Commutative encryption?
editWhich encryption schemes are commutative, besides RSA with identical moduli? Because I heard there was an attack against using RSA to encrypt two messages with two different moduli. --Zemylat 16:04, 31 May 2006 (UTC)
2 possible cards (heck why not 52) packaged as 1 card, when 'A' key is sent it unencrypts the card of choice from the host who initialy encrypted... Same thought occurred to me, anyone have any references on such code? —Preceding unsigned comment added by 96.2.147.222 (talk) 06:01, 23 December 2007 (UTC)
Question
editDoesn't this algorithm have the weakness that Bob has no way of knowing if Alice replaced the deck with one that contains duplicate cards, say to increase the odds of picture cards etc. There would need to be a step at the end that decrypted all of the cards to ensure that no alterations had been made to the freqencies of the cards in the deck by the first encryptor. Another possible problem would be for the final shuffler to replace the cards that would be dealt to him with plain text cards, since he has the right to see them from the beginning, he can request the keys to decrypt them, but throw them away. I suppose again this would be solved by insisting that every card in the game is decrypted at the end so that everyone can check that the deck wasn't modified. This way, at least you'd be sure of knowing if someone cheated.Kybernetikos 09:37, 25 October 2006 (UTC)
- Duplicate plain-text cards would result in duplicate encypted cards. Easilly detectable.
- Replacing cards would result in Bob getting big errors when trying to decrypt his dealt cards. Also I think I remember that there are ways of checking cards with zero-knowledge proofs... but of that I'm not certain... crypto experts will have to answer that one. --J-Star 10:30, 25 October 2006 (UTC)
Not impressed with the Golle paper
editVery hand-wavy about actual performance. It gives the time for setting up Millimix (the comparison baseline) as 6300 modular exponentiations. On modern hardware, Intel boasts of a Fast and Constant-Time Implementation of Modular Exponentiation that achieves a 512 bit modular exponentiation in 500,000 processor cycles, giving a Millimix latency of 3 billion processor cycles (circa 1 second) running on a single Nehalem core. The Golle paper improves the setup time by a factor of six.
The setup latency is an issue only when the players first join. Setup for a subsequent deal involving the same players can run in parallel with game play. Reading between the lines, the Golle result presumes a very high level of player thrash. When I've played online poker, often there is a mandatory one minute wait after the game is joined before the first deal. Only very modest hardware would struggle with this. One hesitates to imagine what a modern video card could achieve.

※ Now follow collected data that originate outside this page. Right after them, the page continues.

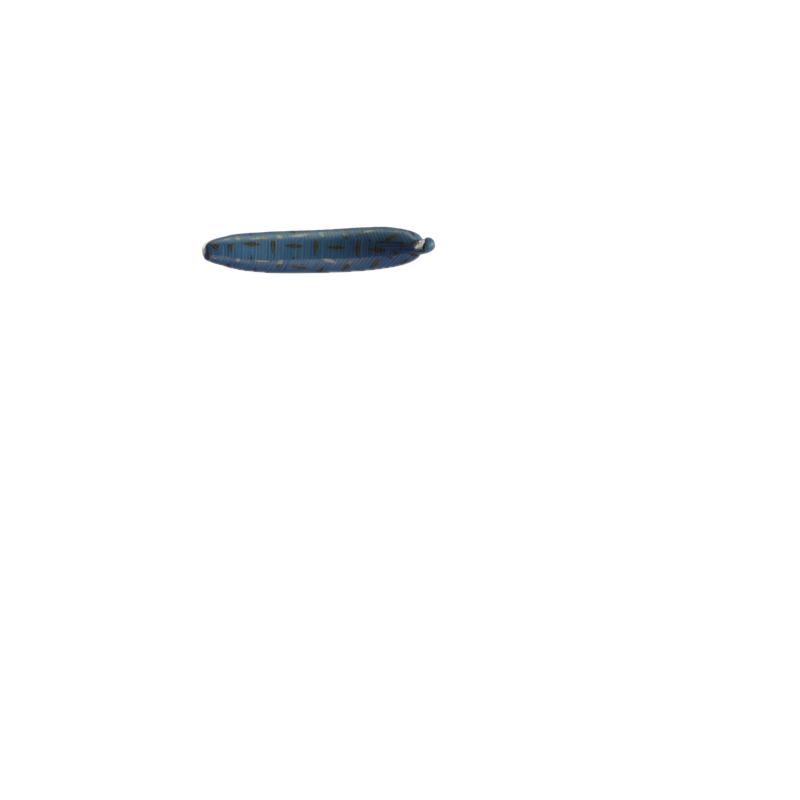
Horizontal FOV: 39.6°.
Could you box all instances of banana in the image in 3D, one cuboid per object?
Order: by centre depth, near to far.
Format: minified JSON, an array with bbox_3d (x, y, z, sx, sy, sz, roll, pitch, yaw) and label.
[{"bbox_3d":[-0.066,-0.130,0.942,0.201,0.038,0.066,-2,-10,12],"label":"banana"}]
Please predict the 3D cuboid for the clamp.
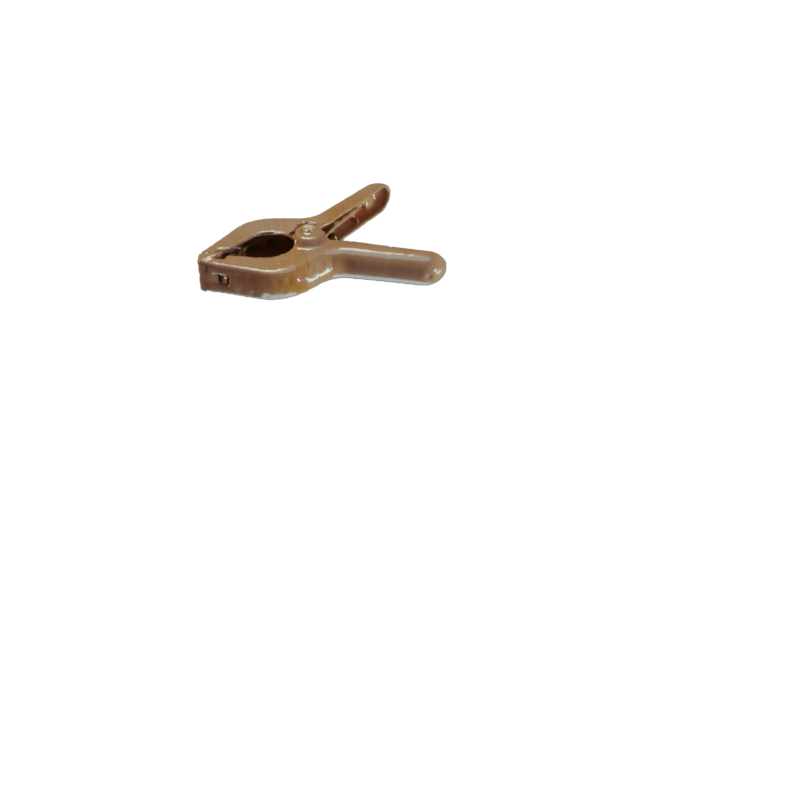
[{"bbox_3d":[-0.063,-0.115,0.805,0.170,0.037,0.129,-6,34,-9],"label":"clamp"}]
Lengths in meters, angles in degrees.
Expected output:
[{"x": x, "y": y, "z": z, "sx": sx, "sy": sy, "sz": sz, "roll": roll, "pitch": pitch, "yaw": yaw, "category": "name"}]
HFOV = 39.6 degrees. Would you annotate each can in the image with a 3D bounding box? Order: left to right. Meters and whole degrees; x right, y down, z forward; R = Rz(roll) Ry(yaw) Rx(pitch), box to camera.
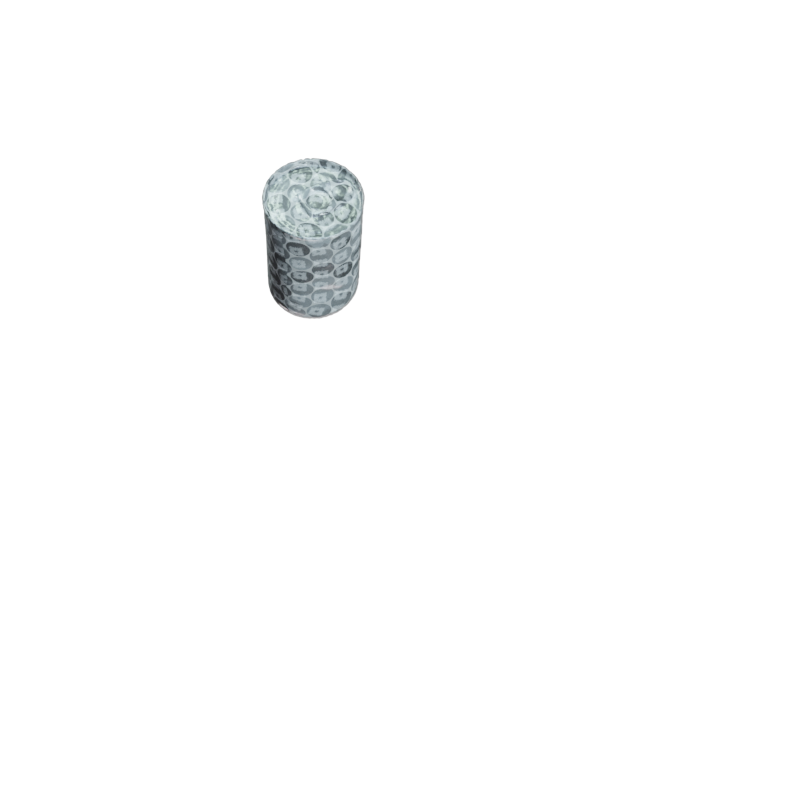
[{"x": -0.061, "y": -0.111, "z": 0.775, "sx": 0.068, "sy": 0.073, "sz": 0.096, "roll": 0, "pitch": -31, "yaw": -3, "category": "can"}]
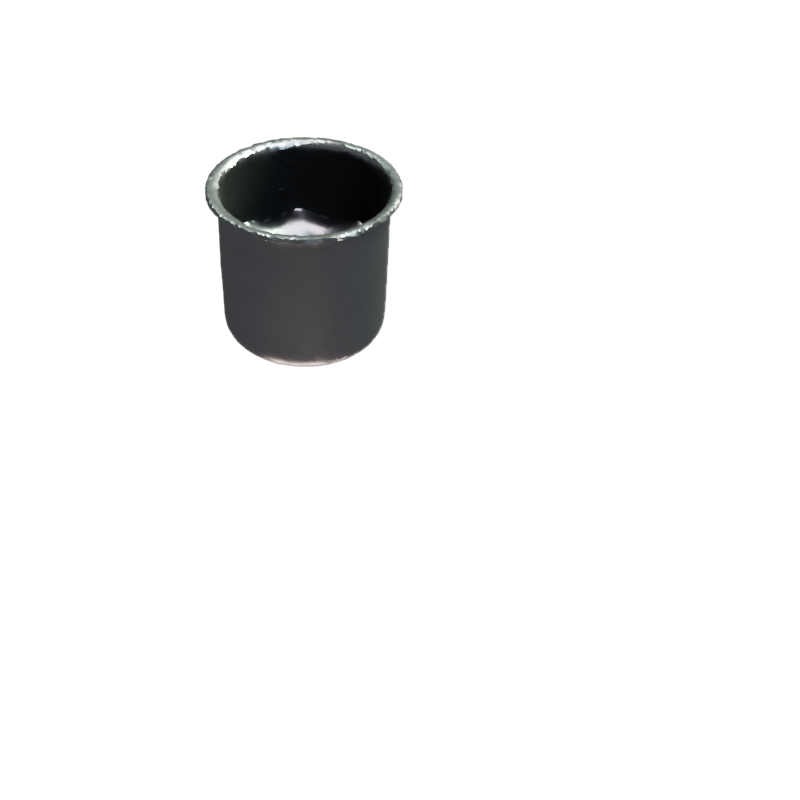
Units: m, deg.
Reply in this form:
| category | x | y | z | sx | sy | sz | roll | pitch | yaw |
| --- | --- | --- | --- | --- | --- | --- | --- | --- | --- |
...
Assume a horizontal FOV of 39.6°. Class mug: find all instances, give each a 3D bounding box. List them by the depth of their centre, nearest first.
| category | x | y | z | sx | sy | sz | roll | pitch | yaw |
| --- | --- | --- | --- | --- | --- | --- | --- | --- | --- |
| mug | -0.043 | -0.079 | 0.551 | 0.096 | 0.076 | 0.122 | 13 | 41 | 14 |
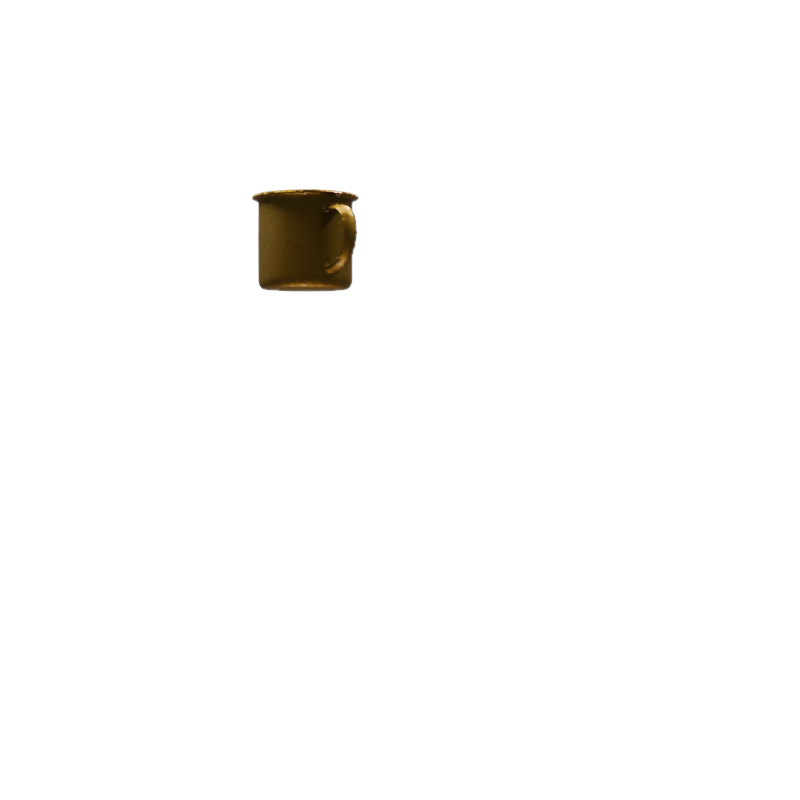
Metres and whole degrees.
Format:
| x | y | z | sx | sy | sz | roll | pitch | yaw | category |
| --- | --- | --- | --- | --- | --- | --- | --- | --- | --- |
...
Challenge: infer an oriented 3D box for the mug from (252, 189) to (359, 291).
| x | y | z | sx | sy | sz | roll | pitch | yaw | category |
| --- | --- | --- | --- | --- | --- | --- | --- | --- | --- |
| -0.075 | -0.136 | 0.953 | 0.089 | 0.082 | 0.121 | 1 | -1 | -38 | mug |
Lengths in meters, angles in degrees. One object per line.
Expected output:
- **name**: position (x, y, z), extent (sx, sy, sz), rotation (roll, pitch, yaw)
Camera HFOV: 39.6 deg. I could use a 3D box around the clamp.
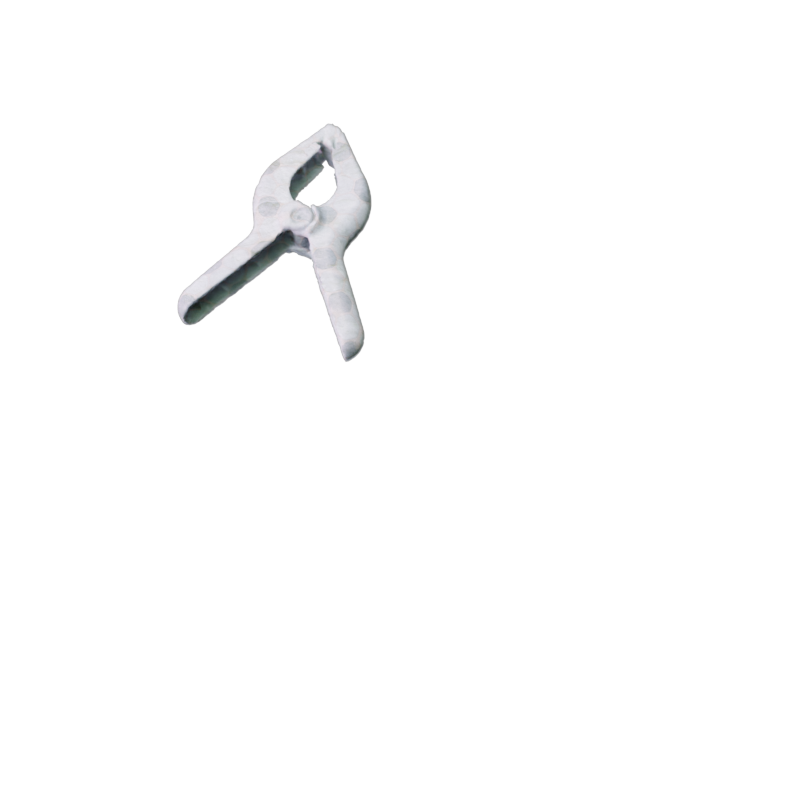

I don't think the article provides a proper frame of reference / perspective on actual cost in the real world. — MaxEnt 00:10, 10 December 2010 (UTC)
Actual performance
editAs above, I don't think the article provides a proper frame of reference as to real-world costs. In particular, this sentence: "To date, mental poker approaches based on the standard Alice-Bob protocol (above) don't offer high enough performance for real-time online play." doesn't seem very correct. I've done a simple test available at github using a shuffling protocol from libTMCG, and for 2 player Texas Hold'em it takes about 3.5 seconds on a modern processor while transmitting 160kB of data each way - so that's DEFINITELY high enough performance - I don't think anyone would mind 3.5 seconds for a shuffle. Uukgoblin (talk) 12:14, 24 June 2012 (UTC)
- Indeed. Shuffling the deck by hand, riffling and cutting several times, usually takes me a minute or two and even that is acceptable since an actual card game tends to take much longer. So if libTMCG's implementation is correct, performance is no problem. — Preceding unsigned comment added by 2A02:A457:9497:1:3022:EC23:A7E7:F446 (talk) 11:27, 9 April 2020 (UTC)
Questions
edit‘Alice picks one encryption key for each card (A1, A2, etc.) and encrypts them individually.’
To me as a layman it isn't clear why this is done. This may be because I'm unfamiliar with the precise properties of the encryption algorithm used.
I think there's also a problem that cannot be solved, but that still deserves a mention: in a four player game, three players could secretly team up against one. I know it seems a bit obvious, but I think it must be stated explicitly.
This system as described in the article can deal open cards and closed cards that are visible to only one player. I haven't looked into this thoroughly but I imagine it might also be capable of dealing with exchanges and discards. Are there any standard card game actions that the system cannot cope with?
The article mentions that each card gets an individual encryption key from each player. So when a card is dealt and Alice needs to decrypt it so Bob can view it, how does Alice know which key to use given that it looks like indecipherable gibberish to her?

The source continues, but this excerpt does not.